Solo la fe, como don de Dios, nos permite afianzarnos en esta creencia y sujetarnos a ella para no ser movidos jamás de ese lugar. Es necesario que el que se acerca a Dios crea que le hay, y que galardona a los que le creen y le buscan. Las ovejas destinadas desde la eternidad siguen al buen pastor, una vez que éste las llama por su nombre en forma eficaz. No se irán jamás tras el extraño, de quien ya no conocen su voz (Juan 10:1-5). La oveja del Señor reconoce la voz de su Maestro, lo sigue por siempre, ejercita la fe que le ha sido dada, no confiesa jamás el falso evangelio.

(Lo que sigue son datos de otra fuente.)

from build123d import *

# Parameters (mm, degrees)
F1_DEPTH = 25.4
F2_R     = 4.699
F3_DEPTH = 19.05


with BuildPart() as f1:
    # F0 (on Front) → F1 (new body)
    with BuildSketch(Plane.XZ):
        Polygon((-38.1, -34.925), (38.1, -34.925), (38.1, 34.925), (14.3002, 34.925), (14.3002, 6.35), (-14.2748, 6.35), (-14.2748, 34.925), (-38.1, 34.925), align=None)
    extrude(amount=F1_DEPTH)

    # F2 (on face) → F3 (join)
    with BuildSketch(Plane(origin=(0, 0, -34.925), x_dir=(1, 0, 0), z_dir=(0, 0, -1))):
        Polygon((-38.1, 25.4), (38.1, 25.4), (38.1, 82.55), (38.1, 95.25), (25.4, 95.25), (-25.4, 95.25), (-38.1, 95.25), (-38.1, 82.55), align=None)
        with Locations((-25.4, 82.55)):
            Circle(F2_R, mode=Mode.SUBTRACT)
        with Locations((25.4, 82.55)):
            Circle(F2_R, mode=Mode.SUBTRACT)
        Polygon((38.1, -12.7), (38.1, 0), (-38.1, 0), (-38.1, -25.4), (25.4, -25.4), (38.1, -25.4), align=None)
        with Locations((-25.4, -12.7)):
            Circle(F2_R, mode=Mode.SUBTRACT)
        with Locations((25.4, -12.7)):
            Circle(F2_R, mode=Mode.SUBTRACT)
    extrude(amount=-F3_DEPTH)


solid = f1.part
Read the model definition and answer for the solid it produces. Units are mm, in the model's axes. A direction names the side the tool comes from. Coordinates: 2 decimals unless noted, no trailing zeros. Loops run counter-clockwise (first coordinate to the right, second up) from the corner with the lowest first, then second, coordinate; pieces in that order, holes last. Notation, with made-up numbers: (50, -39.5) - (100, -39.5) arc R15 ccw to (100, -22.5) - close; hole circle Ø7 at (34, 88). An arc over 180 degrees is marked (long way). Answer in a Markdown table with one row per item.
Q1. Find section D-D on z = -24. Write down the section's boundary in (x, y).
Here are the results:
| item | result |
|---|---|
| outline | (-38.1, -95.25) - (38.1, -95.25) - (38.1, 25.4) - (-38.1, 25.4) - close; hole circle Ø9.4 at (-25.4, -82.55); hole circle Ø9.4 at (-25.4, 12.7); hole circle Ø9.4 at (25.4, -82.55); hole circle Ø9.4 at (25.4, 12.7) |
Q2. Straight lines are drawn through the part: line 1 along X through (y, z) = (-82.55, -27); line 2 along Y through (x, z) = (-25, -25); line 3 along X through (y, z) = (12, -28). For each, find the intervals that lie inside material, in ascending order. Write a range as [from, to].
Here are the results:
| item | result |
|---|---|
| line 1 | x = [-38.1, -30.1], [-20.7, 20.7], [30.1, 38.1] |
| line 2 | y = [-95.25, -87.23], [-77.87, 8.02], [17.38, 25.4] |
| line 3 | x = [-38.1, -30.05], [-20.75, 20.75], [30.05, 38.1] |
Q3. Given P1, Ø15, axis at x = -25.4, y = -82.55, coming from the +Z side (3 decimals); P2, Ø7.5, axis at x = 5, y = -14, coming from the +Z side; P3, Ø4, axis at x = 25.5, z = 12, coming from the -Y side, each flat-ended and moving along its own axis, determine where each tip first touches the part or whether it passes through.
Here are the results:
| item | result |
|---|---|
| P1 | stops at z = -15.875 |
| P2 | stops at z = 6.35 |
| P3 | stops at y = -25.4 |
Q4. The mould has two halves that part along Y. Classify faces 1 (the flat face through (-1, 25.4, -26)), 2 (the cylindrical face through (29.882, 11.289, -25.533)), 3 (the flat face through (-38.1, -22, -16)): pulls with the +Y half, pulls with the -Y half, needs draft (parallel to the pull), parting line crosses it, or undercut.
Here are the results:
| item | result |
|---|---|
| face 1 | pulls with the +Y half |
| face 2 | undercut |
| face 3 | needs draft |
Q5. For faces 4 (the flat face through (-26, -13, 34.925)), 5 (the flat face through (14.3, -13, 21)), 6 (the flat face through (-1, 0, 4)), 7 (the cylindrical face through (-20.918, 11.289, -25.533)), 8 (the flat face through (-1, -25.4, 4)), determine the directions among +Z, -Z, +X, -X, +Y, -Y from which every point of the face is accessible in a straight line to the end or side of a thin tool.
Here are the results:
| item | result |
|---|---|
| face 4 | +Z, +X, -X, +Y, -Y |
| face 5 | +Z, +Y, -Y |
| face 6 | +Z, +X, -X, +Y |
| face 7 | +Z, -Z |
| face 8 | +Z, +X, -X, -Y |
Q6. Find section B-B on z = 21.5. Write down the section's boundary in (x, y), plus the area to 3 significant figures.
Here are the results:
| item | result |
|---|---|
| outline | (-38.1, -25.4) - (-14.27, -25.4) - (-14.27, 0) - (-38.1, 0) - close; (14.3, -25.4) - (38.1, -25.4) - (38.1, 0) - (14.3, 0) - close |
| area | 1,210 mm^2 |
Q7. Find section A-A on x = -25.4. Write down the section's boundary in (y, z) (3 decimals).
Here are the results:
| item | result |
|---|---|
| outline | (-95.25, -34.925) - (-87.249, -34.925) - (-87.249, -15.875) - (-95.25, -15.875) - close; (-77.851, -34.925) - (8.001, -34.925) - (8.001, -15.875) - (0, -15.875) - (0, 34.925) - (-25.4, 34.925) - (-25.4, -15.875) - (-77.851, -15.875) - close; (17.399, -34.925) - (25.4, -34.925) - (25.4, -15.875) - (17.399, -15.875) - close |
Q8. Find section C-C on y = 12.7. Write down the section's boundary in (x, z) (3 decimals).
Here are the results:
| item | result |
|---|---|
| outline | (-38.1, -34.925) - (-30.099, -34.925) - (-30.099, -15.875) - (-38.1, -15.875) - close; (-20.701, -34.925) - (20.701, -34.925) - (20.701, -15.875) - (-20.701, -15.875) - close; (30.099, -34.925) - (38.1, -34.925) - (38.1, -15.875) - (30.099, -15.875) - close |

La oveja redimida reconoce la dimensión del perdón de Dios, sabe que no pudo hacer nada en favor suyo, ya que aún la fe le vino como regalo. Esa oveja repetirá el verdadero evangelio como predicación, como buen fruto por ser un árbol bueno. De la abundancia de su corazón habla su boca, así que aquello que tiene dentro de sí confesará. Si tiene la palabra divina y el Espíritu de Cristo, confesará la doctrina de Cristo. El que no vive en la doctrina de Cristo sino que la transgrede, no tiene ni al Padre ni al Hijo (2 Juan 1:9-11). De suma utilidad le resulta al creyente el perseverar en la doctrina de Cristo, interés fundamental que Pablo recomendó a Timoteo. Ocupémonos de esa doctrina para alcanzar la salvación final, ya que por el conocimiento del siervo justo éste justificará a muchos.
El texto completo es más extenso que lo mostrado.